Because of its current situation in the 2010–11 Süper Lig, Beşiktaş entered the final looking to secure a berth to 2011–12 UEFA Europa League next year as well as winning its 9th cup in team history. İstanbul B.B., which showed superiority towards Beşiktaş in the Süper Lig, played in the Turkish Cup final for the first time in their history.

After normal time and extra time ended on a 2–2 draw, Beşiktaş won the penalty shootout 4–3 and won its 9th Turkish Cup.
By winning, Beşiktaş secured a berth in the play-off round of the UEFA Europa League.

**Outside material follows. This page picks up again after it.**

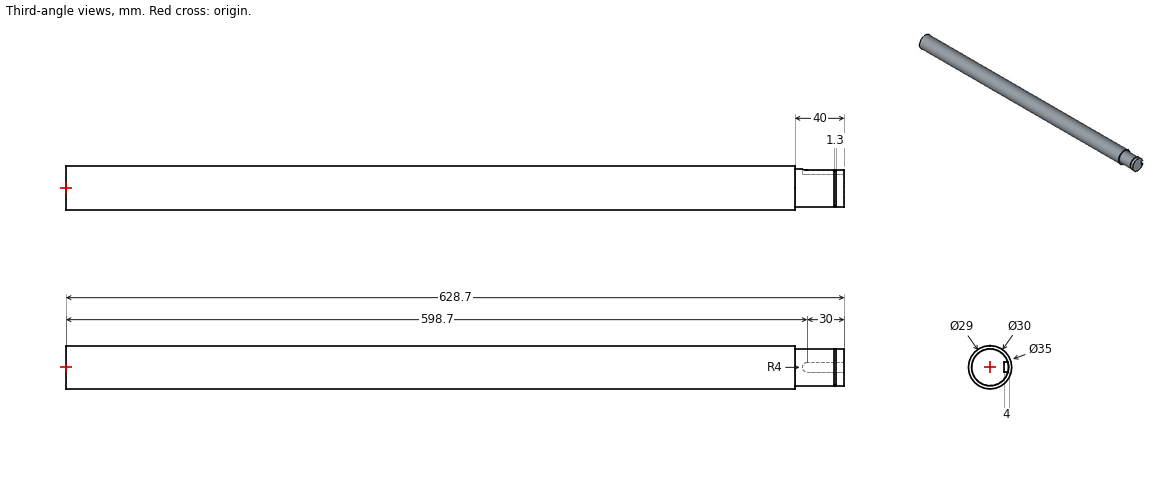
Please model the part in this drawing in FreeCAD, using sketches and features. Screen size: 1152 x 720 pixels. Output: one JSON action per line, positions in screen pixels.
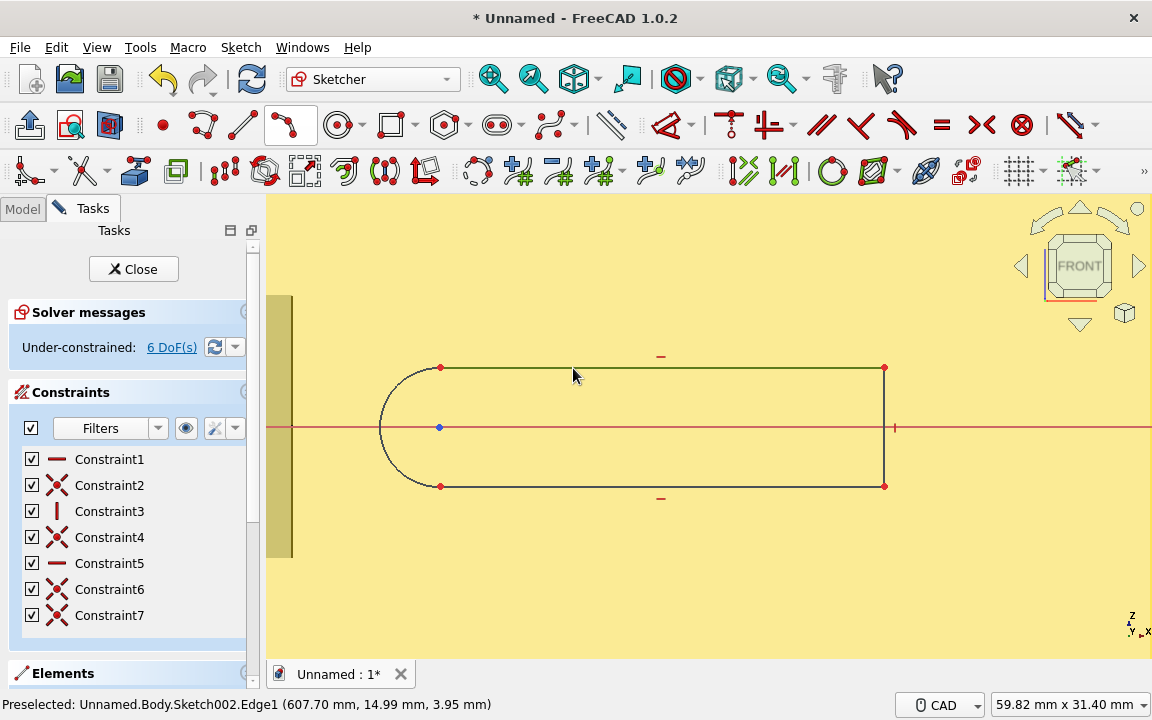
{"action": "left_click", "coordinate": [392, 392]}
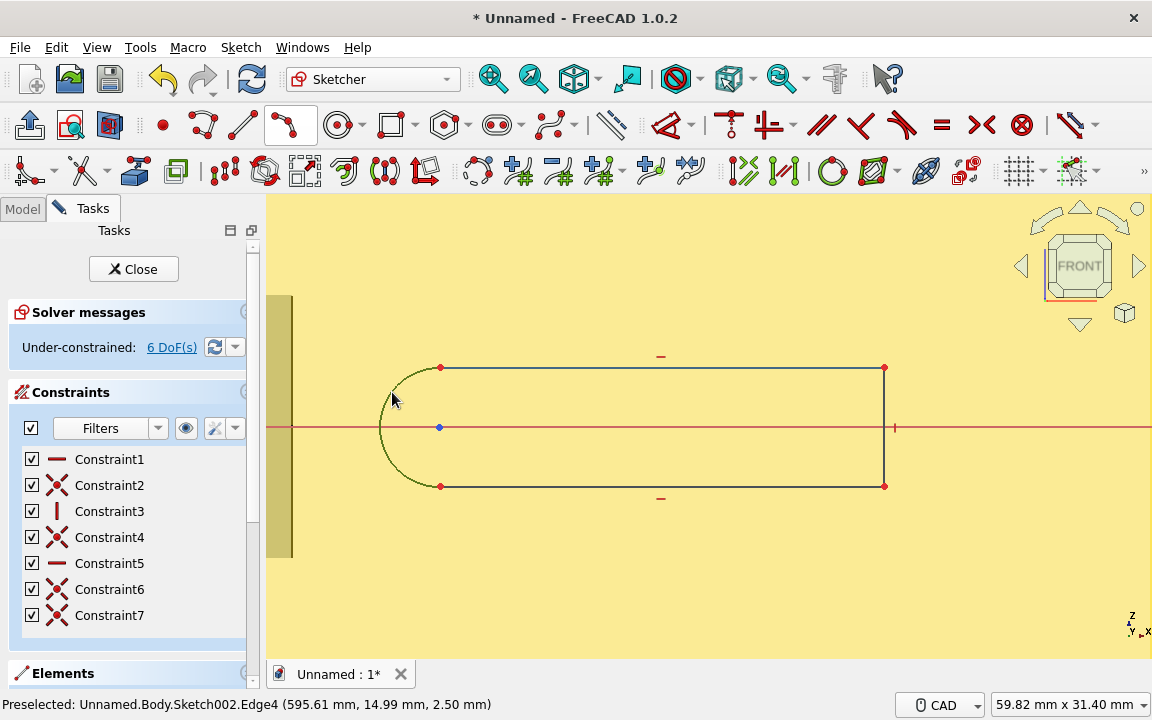
{"action": "left_click", "coordinate": [902, 126]}

On 10 June 2013 UEFA officially opened up disciplinary proceedings against Beşiktaş in regard to match-fixing in the 2011 Turkish Cup final.

==Background==
Beşiktaş reached the Turkish Cup final for the 15th time in their history. Previously winning the cup 8 times, Beşiktaş entered as the favored team. İstanbul B.B., on the other hand, was entering the final for the first time in their history. İstanbul B.B.'s best performance in the Turkish Cup was in the 2009-10 Turkish Cup season, when they reached the quarter-finals.

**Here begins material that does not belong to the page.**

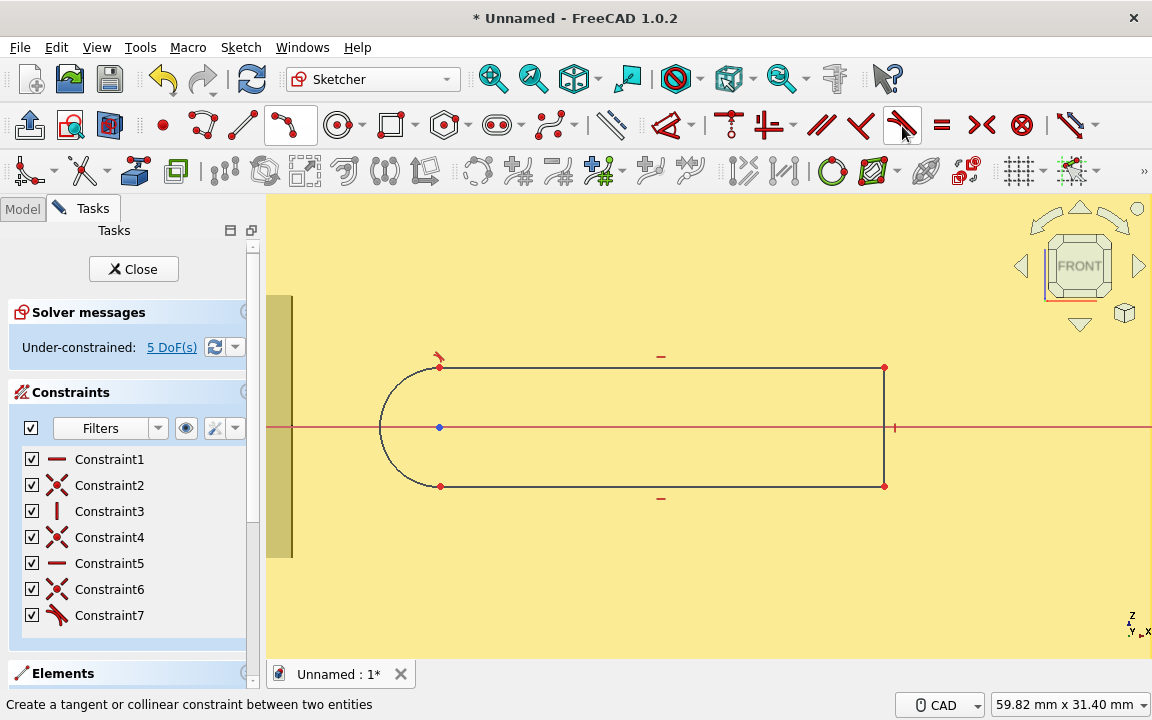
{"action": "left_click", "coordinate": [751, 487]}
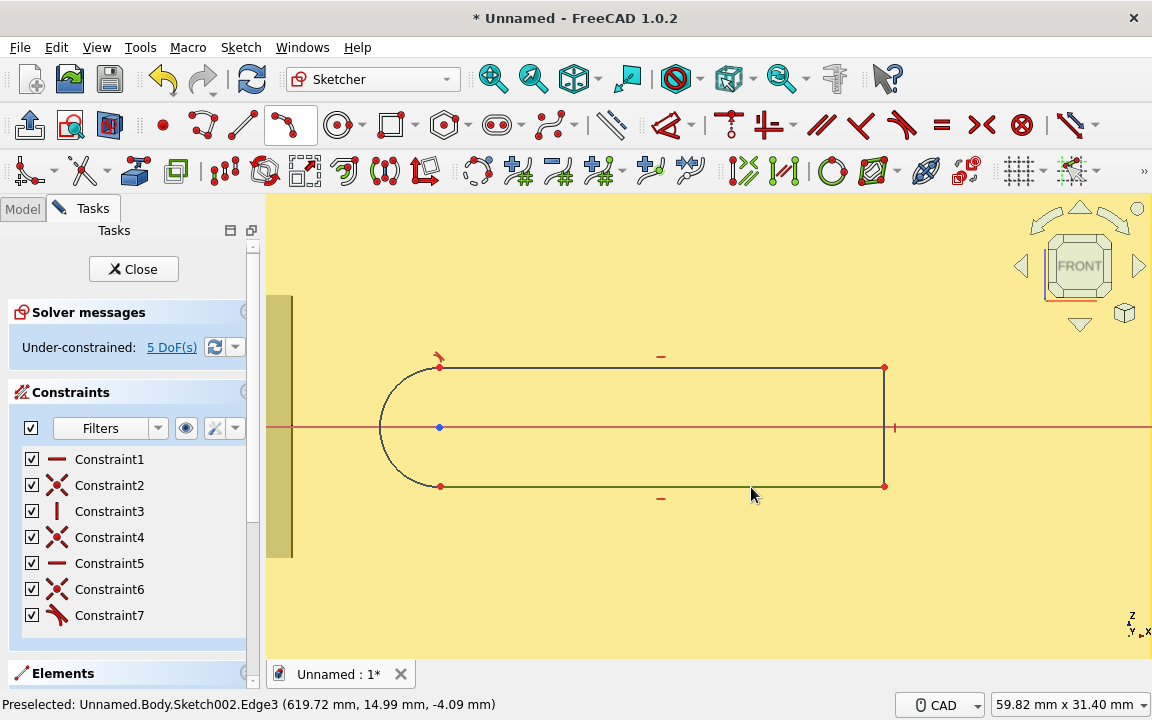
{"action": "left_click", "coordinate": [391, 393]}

In the 2010–11 Süper Lig, İstanbul B.B. showed superiority against Beşiktaş, winning 2–0 at İnönü and 2–1 at Atatürk Olympic Stadium. However Beşiktaş had amassed more points than İstanbul B.B., with 50 points while İstanbul B.B. had only 41 points.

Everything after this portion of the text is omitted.